Henry Hyde Champion (22 January 1859 – 30 April 1928) was a socialist journalist and activist, regarded as one of the leading spirits behind the formation of the Independent Labour Party. Up to 1893, he lived and worked in Great Britain, moving after that date to Australia.
Champion was born in Poona, India on 22 January 1859, the son of Major-General James Hyde Champion, and his wife Henrietta Susan, née Urquhart, of aristocratic Scottish descent.
Henry was sent to England at four years of age to attend a day school and from 13 was educated at Marlborough College, later he attended the Royal Military Academy, Woolwich. He entered the army and fought with the artillery in the Afghan War of 1879. There he caught typhoid and was sent back to England.
A radical friend showed Champion the London East End slums; his friend also accompanied Champion to the United States where Champion was influenced by the writings of Henry George.
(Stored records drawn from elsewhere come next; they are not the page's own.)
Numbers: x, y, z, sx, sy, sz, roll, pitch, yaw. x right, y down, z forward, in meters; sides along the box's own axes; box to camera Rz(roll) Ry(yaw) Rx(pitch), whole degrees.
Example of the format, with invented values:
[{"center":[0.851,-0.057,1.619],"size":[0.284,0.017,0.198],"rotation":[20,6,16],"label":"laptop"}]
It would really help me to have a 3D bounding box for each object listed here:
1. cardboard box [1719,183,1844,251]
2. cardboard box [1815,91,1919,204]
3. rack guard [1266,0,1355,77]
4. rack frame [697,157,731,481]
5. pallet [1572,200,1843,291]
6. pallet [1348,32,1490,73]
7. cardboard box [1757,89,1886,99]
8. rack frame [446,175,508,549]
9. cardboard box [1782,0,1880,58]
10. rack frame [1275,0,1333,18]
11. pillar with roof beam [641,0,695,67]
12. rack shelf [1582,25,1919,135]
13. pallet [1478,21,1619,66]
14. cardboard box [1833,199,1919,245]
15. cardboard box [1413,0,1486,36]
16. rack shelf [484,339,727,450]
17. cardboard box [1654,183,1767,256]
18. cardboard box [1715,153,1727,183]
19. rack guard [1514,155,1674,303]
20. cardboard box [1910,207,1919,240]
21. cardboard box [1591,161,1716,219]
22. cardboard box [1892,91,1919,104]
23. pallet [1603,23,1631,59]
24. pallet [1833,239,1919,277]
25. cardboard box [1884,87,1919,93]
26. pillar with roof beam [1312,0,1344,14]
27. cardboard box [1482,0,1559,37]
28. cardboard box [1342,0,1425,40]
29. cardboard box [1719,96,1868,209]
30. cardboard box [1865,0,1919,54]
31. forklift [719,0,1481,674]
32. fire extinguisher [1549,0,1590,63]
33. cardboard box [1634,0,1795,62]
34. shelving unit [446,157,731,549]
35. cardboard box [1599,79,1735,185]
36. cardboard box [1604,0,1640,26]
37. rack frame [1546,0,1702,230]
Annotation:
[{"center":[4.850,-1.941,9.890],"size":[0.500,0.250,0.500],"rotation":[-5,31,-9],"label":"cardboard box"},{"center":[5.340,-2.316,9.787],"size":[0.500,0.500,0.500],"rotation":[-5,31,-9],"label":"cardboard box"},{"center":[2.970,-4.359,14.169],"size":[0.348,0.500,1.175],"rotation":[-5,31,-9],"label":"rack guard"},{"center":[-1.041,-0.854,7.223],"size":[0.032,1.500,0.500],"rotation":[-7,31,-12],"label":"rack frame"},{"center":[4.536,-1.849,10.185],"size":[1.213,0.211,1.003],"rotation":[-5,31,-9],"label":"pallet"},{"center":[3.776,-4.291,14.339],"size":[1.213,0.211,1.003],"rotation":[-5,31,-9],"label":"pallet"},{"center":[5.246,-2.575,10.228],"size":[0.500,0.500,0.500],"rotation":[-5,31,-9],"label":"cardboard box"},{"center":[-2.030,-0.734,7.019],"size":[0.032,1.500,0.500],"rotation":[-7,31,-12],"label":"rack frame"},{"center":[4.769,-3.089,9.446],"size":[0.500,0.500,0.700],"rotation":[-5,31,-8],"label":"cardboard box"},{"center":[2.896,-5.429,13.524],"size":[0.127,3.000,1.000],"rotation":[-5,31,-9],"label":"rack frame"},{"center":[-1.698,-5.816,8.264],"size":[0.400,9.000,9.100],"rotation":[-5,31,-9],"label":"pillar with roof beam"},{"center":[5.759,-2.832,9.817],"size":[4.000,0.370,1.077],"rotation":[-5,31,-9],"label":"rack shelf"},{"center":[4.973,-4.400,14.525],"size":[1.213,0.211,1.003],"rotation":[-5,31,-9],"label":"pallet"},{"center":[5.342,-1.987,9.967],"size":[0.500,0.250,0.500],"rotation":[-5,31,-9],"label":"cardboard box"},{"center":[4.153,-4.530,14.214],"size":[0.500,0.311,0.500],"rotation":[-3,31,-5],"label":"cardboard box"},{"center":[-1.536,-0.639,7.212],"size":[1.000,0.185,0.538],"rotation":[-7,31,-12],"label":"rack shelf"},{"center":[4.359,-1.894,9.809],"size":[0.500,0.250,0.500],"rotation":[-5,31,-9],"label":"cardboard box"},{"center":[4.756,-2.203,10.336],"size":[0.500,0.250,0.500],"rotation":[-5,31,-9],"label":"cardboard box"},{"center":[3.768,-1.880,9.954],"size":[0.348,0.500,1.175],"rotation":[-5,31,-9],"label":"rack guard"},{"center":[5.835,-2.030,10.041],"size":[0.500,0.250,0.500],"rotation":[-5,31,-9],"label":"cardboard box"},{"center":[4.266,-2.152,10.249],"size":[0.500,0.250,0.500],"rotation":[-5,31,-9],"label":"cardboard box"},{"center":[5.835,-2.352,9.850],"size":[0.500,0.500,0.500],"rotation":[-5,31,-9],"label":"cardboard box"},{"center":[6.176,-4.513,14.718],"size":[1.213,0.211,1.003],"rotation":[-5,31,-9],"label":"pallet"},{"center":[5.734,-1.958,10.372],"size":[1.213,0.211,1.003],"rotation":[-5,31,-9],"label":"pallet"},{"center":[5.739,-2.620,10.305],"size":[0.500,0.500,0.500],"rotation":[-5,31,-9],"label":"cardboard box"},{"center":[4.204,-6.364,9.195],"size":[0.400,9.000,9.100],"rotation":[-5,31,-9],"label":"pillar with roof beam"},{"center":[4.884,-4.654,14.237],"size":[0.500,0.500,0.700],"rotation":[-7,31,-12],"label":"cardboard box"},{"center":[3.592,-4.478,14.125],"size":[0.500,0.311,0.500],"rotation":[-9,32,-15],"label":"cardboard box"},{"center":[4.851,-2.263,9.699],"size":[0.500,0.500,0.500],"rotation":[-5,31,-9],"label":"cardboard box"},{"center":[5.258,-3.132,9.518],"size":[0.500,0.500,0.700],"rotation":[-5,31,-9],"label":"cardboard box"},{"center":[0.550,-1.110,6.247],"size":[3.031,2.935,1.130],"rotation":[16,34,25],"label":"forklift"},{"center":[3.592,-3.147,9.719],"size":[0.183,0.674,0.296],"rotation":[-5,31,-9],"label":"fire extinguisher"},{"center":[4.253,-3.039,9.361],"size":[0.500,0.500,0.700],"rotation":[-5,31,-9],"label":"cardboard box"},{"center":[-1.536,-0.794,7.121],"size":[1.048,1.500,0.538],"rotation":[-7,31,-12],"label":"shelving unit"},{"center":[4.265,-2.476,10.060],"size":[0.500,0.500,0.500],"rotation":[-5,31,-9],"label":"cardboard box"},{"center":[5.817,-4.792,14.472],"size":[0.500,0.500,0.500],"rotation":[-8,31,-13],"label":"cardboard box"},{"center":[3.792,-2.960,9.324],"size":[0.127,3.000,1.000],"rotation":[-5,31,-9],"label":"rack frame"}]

Champion resigned his army commission 17 September 1882 in disgust over conduct of the Egyptian War of that year and joined the socialist movement. He became assistant secretary of the Social Democratic Federation (SDF) and wrote for the socialist paper, Justice. In 1886 with John Burns, Henry Hyndman and Jack Williams he was indicted for seditious conspiracy in connexion with the Trafalgar Square riots, after conducting his own defence he was acquitted.